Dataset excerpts
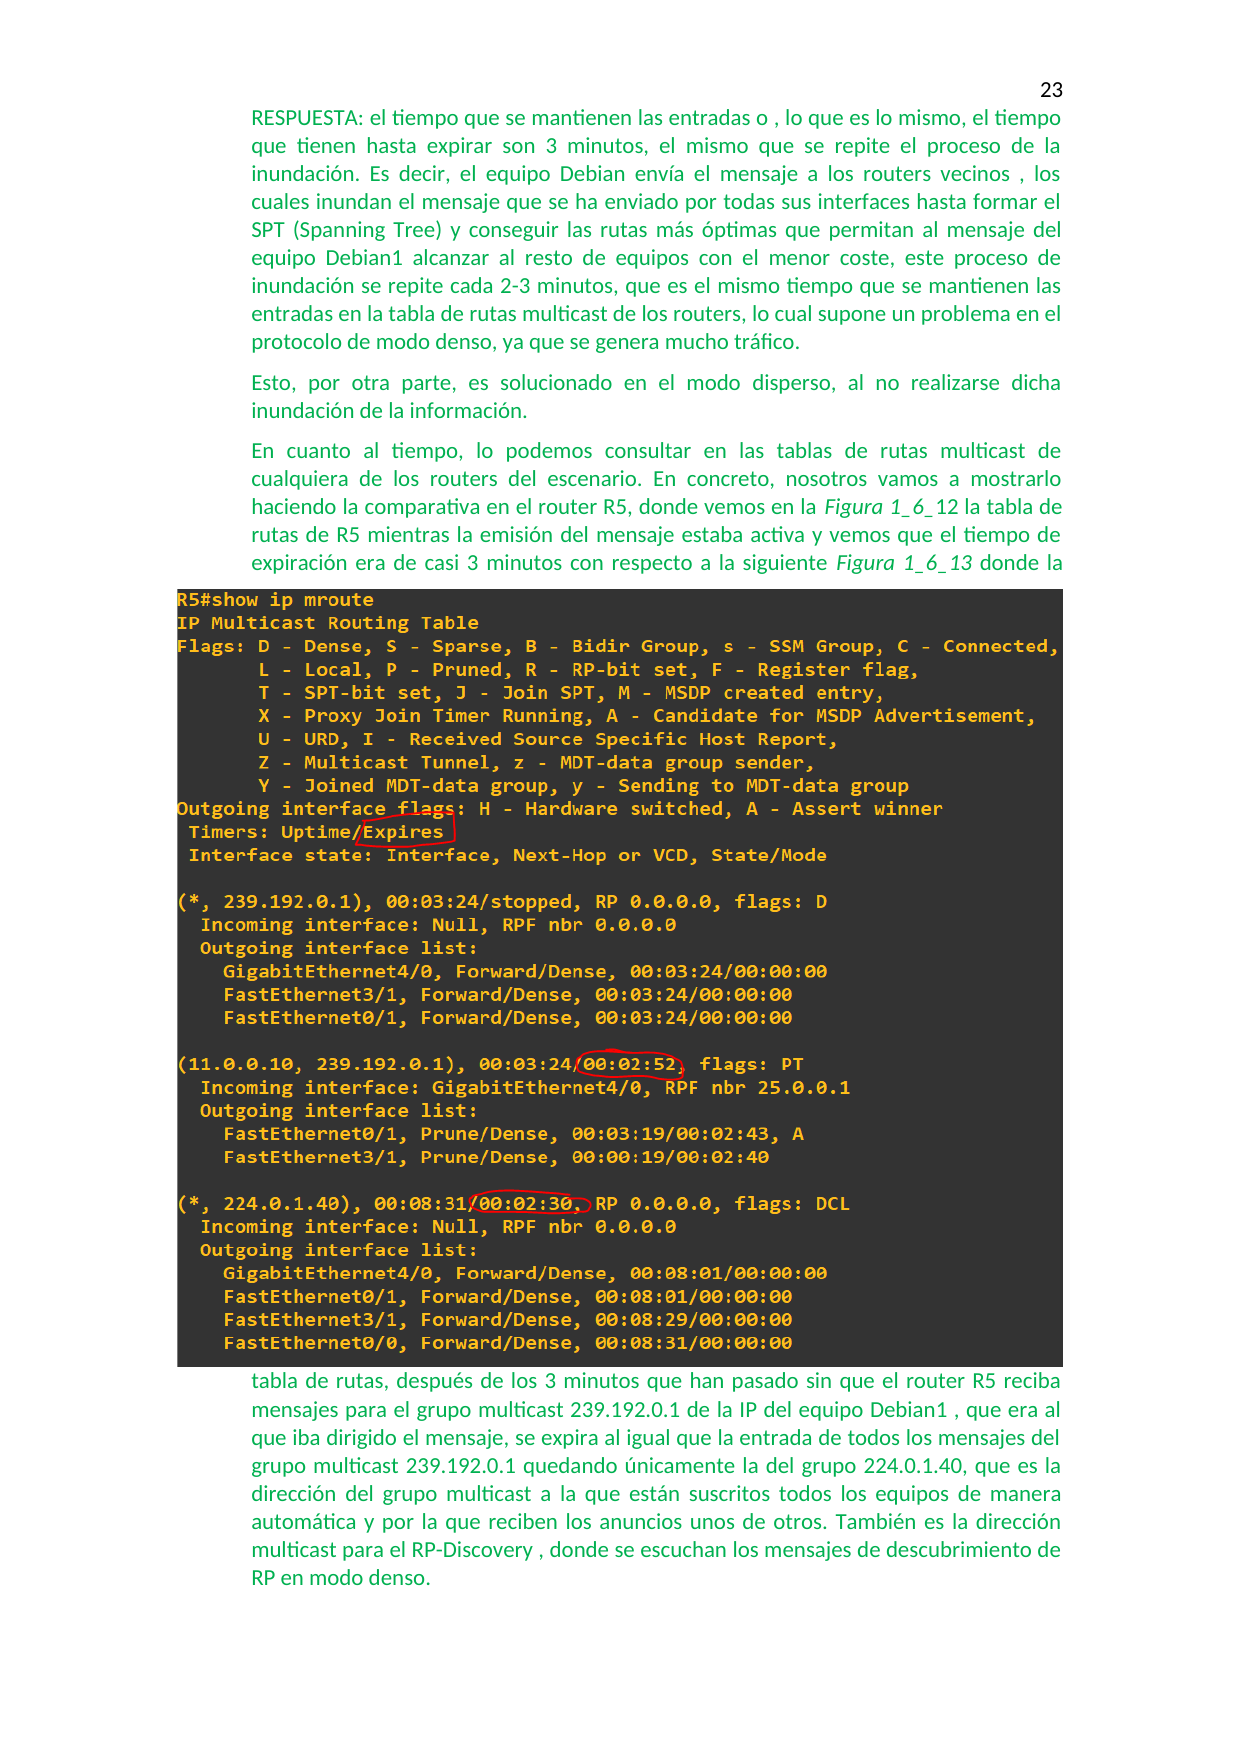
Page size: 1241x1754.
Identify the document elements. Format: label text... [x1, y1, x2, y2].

text En cuanto al tiempo, lo podemos consultar en las tablas de rutas multicast de cualquiera de los routers del escenario. En concreto, nosotros vamos a mostrarlo haciendo la comparativa en el router R5, donde vemos en la Figura 1_6_12 la tabla de rutas de R5 mientras la emisión del mensaje estaba activa y vemos que el tiempo de expiración era de casi 3 minutos con respecto a la siguiente Figura 1_6_13 donde la [251, 436, 1063, 589]
text RESPUESTA: el tiempo que se mantienen las entradas o , lo que es lo mismo, el tiempo que tienen hasta expirar son 3 minutos, el mismo que se repite el proceso de la inundación. Es decir, el equipo Debian envía el mensaje a los routers vecinos , los cuales inundan el mensaje que se ha enviado por todas sus interfaces hasta formar el SPT (Spanning Tree) y conseguir las rutas más óptimas que permitan al mensaje del equipo Debian1 alcanzar al resto de equipos con el menor coste, este proceso de inundación se repite cada 2-3 minutos, que es el mismo tiempo que se mantienen las entradas en la tabla de rutas multicast de los routers, lo cual supone un problema en el protocolo de modo denso, ya que se genera mucho tráfico. [251, 103, 1063, 355]
text tabla de rutas, después de los 3 minutos que han pasado sin que el router R5 reciba mensajes para el grupo multicast 239.192.0.1 de la IP del equipo Debian1 , que era al que iba dirigido el mensaje, se expira al igual que la entrada de todos los mensajes del grupo multicast 239.192.0.1 quedando únicamente la del grupo 224.0.1.40, que es la dirección del grupo multicast a la que están suscritos todos los equipos de manera automática y por la que reciben los anuncios unos de otros. También es la dirección multicast para el RP-Discovery , donde se escuchan los mensajes de descubrimiento de RP en modo denso. [251, 1367, 1063, 1591]
text Esto, por otra parte, es solucionado en el modo disperso, al no realizarse dicha inundación de la información. [251, 368, 1063, 424]

Exercise prompt:
What you give back should be exactly the lines of the entries above from the one containing "text RESPUESTA: el" to the end, and nothing more.

Output for this exercise:
text RESPUESTA: el tiempo que se mantienen las entradas o , lo que es lo mismo, el tiempo que tienen hasta expirar son 3 minutos, el mismo que se repite el proceso de la inundación. Es decir, el equipo Debian envía el mensaje a los routers vecinos , los cuales inundan el mensaje que se ha enviado por todas sus interfaces hasta formar el SPT (Spanning Tree) y conseguir las rutas más óptimas que permitan al mensaje del equipo Debian1 alcanzar al resto de equipos con el menor coste, este proceso de inundación se repite cada 2-3 minutos, que es el mismo tiempo que se mantienen las entradas en la tabla de rutas multicast de los routers, lo cual supone un problema en el protocolo de modo denso, ya que se genera mucho tráfico. [251, 103, 1063, 355]
text tabla de rutas, después de los 3 minutos que han pasado sin que el router R5 reciba mensajes para el grupo multicast 239.192.0.1 de la IP del equipo Debian1 , que era al que iba dirigido el mensaje, se expira al igual que la entrada de todos los mensajes del grupo multicast 239.192.0.1 quedando únicamente la del grupo 224.0.1.40, que es la dirección del grupo multicast a la que están suscritos todos los equipos de manera automática y por la que reciben los anuncios unos de otros. También es la dirección multicast para el RP-Discovery , donde se escuchan los mensajes de descubrimiento de RP en modo denso. [251, 1367, 1063, 1591]
text Esto, por otra parte, es solucionado en el modo disperso, al no realizarse dicha inundación de la información. [251, 368, 1063, 424]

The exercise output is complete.